12 Şubat 2023

Yıkım



     Büyük felaketin yarattığı tarifsiz elem ve tahribat, şok dalgalarıyla en ücra köşelere değin sirayet etti.

    Yıkımı yaşayan halk ve kederlerini yüreklerinde paylaşan milyonlarca insan; panik halinde, kapkaranlık bir çaresizliğe terk edildi.

    Devlet organize olamadı, kurumlarını işletemedi. Kimsesiz kalan halkın imdadına Hızır gibi yetişemedi.

    Planlama, koordinasyon ve yönetim zafiyetleri ile beceriksizlik, ihmallerle birleşerek trajediyi katbekat devleştirdi.

    Bu acizlik içerisinde, halkın yaralarını sarmak yine halkın kendisine düştü.

***

    Gönüllüler, STK’ler, belediyeler, siyasi partiler; insanüstü bir özveriyle koştu, didindi hatta ellerinden gelenin fazlasını ortaya koydu.
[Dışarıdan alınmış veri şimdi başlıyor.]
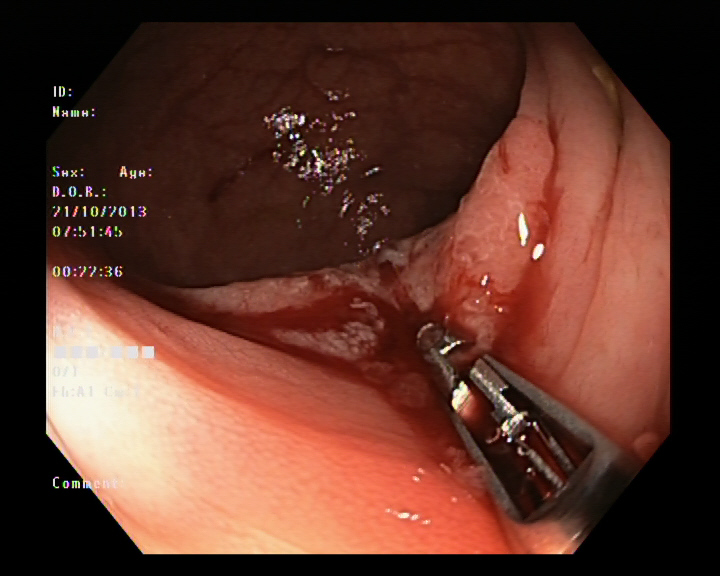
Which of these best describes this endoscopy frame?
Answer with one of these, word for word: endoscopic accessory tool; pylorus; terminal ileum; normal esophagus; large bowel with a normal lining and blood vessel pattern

    İnsanlar niçin yetersiz kalan Afad’a, Kızılay’a güvenmiyor da Ahbap’ı tercih ediyor? Akut niye iğdiş edildi?

    Niçin haberleri TRT’den değil de Fox’tan alıyor?

    Kim veya kimler nerede yanlış yaptılar?

***

    İnsanların yardım için haberleştiği en hayati anlarda Twitter’a erişim, nasıl ve hangi gerekçeyle kısıtlanabildi?

    Kim kışta, kıyamette ortada kalan millete yetişebilsin diye -aslında devletin görevini- üstlenenlere mâni olmaya çalıştı, ne uğruna?

    İnsanlar enkazlarda, soğukta; ölürken, can çekişirken, acı içinde çırpınırken -sırf zayıflığı belli etmemek adına- durum kontrol altında, her şey yolundaymış gibi -utanmadan, sıkılmadan, vicdanı sızlamadan- yalan söyleyebilenler kimlerdi?

***

    Millet can derdine düşmüşken, fırsattan istifade; ırkçılık, nefret ve yabancı düşmanlığı nifak tohumlarıyla suyu bulandırarak haklı hüzün ve öfkemizi kendimize yönlendirip - paramparça olmuşken üstelik- kendi kendimizi vurmamızı arzulayan kimdi?

***

    Ancak son çare olarak gündeme gelebilecek olan öğrenci yurtlarını boşaltan; bu şartlarda dahi sürdürülmesi gereken eğitimi sekteye uğratan, bu kadar kolay gözden çıkarabilen, ilk feda edilecek denli değersiz gören kimlerdi?

    Okumuşu küçümseyen, hor görerek küstüren; cehaleti yücelten ve kutsayarak bugünlerin taşlarını döşeyen kimlerdi?

***

    Deprem bölgesinde, adı üzerinde olası bir afet beklendiği halde; kentler ve köyler nasıl yerle bir olabildi?

    Ulaşım hatları, nasıl oldu da kullanılmaz hale gelebildi?

    En güvenilir yerler olması beklenen okullar, hastaneler nasıl tuzla buz olabildi?

    Normal şartlarda bu depremlerin, bu denli büyük can kayıplarına ve hasarlara yol açmaması gerekirdi.

    Bize bunları yaşatan kimdir? Kimdir bu yıkım ve acıların sorumluları?

***

     Her kim olursa olsun müsebbibi, hesabı sorulmalı.

   Bize ‘kader’ palavraları sıkan şarlatanlara; öbür dünyanın ilahi adaletinden evvel şu anda, şimdi halkın adaleti tecelli etmeli.

    Yitirdiklerimizin ardından, geride kalanlar olarak artık; bu da bizim boynumuzun borcudur.

   Yaşadıklarımızdan öğrendiklerimizle bizi ‘biz’ yapan bu birlik ve dayanışma ruhuyla el ele vererek beraberce; İkinci Yüzyılında ‘kimsesizlerin kimsesi’ olan yeni bir ‘Cumhuriyet’ inşa etmeliyiz.